Arrow-right Camera
The Spokesman-Review Newspaper
Spokane, Washington  Est. May 19, 1883

Review: ‘Miles Davis: Birth of the Cool’ sees jazz legend with empathy, honesty

The documentary “Miles Davis: Birth of the Cool” looks at Davis both for his music and as a person. (JAN PERSSON / JAN PERSSON)
By Glenn Whipp Los Angeles Times

In the first 20 minutes of the terrific new documentary “Miles Davis: Birth of the Cool,” we see the jazz legend grow up in St. Louis, move to New York, enroll at Juilliard, join Charlie Parker’s band, marry classical textures with bebop on the landmark album from which the film takes its title, fall in love with Juliette Grico, get hooked on heroin and then kick the habit.

That’s a movie in and of itself. Davis contained multitudes, changing jazz many times over with his endless innovations and reinventions. The extraordinary thing about Stanley Nelson’s documentary is that it captures all the beauty and ugliness of Davis’ life, explaining how he relentlessly pushed jazz forward and the costs that came with that single-mindedness.

To quote Davis: “Music is a curse. It comes before everything.” Davis’ words are heard throughout “Birth of the Cool.” Essentially, he narrates the movie with Nelson employing actor Carl Lumbly to read portions from Davis’ candid autobiography in the musician’s distinctive rasp. Lumbly isn’t the only one imitating Davis in the film.

Just about everyone interviewed here – and it’s an illustrious lineup that includes the likes of Herbie Hancock, Wayne Shorter, Ron Carter and Quincy Jones – takes an affectionate stab at Davis’ sandpaper whisper.

The trumpet was Davis’ primary way of communicating with the world, and Nelson makes a case that the vulnerable beauty of much of his music, notably the ballads he played with a Harmon mute, was a way of revealing himself beyond his hardened persona.

Hancock likens that elegant sound to a “stone skipping across a pond … he just touched on the waves.” The great saxophonist Jimmy Heath sums it up in a single word: “Tasty.” Of course, beauty was just one aspect of Davis’ artistry, and “Birth of the Cool” does an admirable job in assessing every period of his singular career with an informed passion for the music.

There’s footage of Davis with the quintet that included John Coltrane and Cannonball Adderley, the group heard on “Kind of Blue,” the modal masterpiece that musician Joshua Redman calls “the sacred text.”

We see him labor to create the lush orchestral albums with arranger Gil Evans, as well as create a signature hard bop sound with a new quintet featuring Shorter and Hancock and then revolutionize the art form again with the jazz-rock fusion classic “Bitches Brew.”

But “Birth of the Cool” attempts to understand the man as much as the music, and Nelson, a veteran documentary filmmaker who has won three Emmys and a Peabody Award , approaches his subject with empathy and unflinching honesty.

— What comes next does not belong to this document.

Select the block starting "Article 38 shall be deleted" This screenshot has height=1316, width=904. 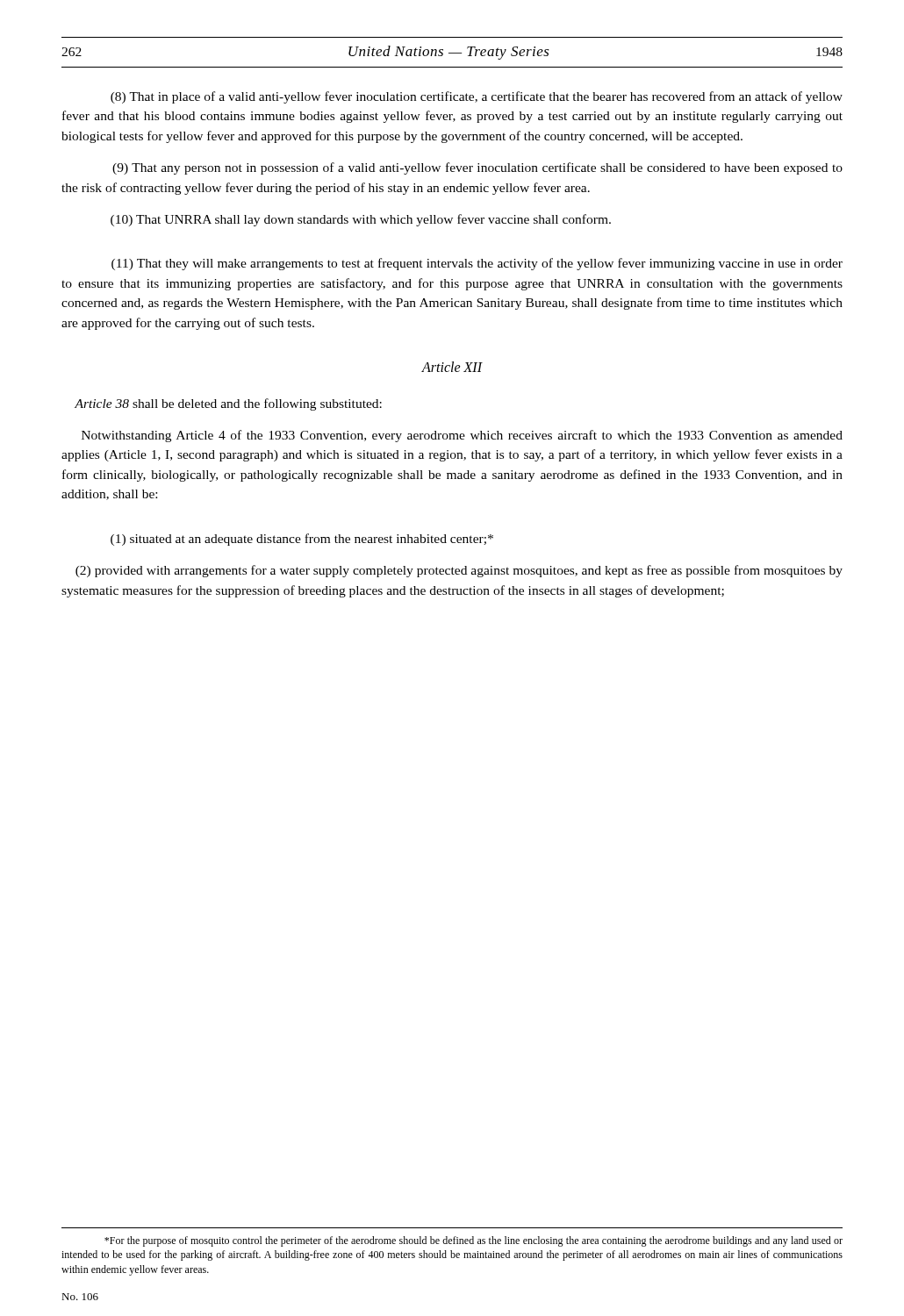click(452, 449)

Frances Taylor, Davis’ first wife who died last year at age 89, provides insight into the musician’s darker side. Davis was jealous, possessive and abusive. After Taylor, a talented dancer, won a role in the original Broadway cast of “West Side Story,” Davis told her to quit. “A woman should be with her man,” he said. She acquiesced.

“I was in love with him. I quit the show,” Taylor says, her voice still tinged with regret. She eventually left Davis, tired of his physical abuse. “Whoever gets her is a lucky … ,” Davis said, using a particular vulgarity that he used often. At least that’s what Taylor heard he said. “And he was right,” she says with a hint of mischief.

Davis absorbed considerable racism throughout his life, and it fueled much of his anger and bitterness. Smoking a cigarette outside New York’s Birdland nightclub between sets in 1959, just days after the release of “Kind of Blue,” Davis encountered a police officer who told him to move.

When he didn’t budge, an off-duty officer blindsided him. The film shows several photos of Davis, his shirt and jacket covered in dried blood, his face frozen in a look of astonishment. “That incident changed me forever,” Davis said. “It made me much more bitter and cynical than I might have been.”

The considerable achievement of “Birth of the Cool” comes from the way it understands those words and places them in the context of American history. You’ll want to listen to Miles’ music after watching the film, and, when you do, you might feel it a little deeper.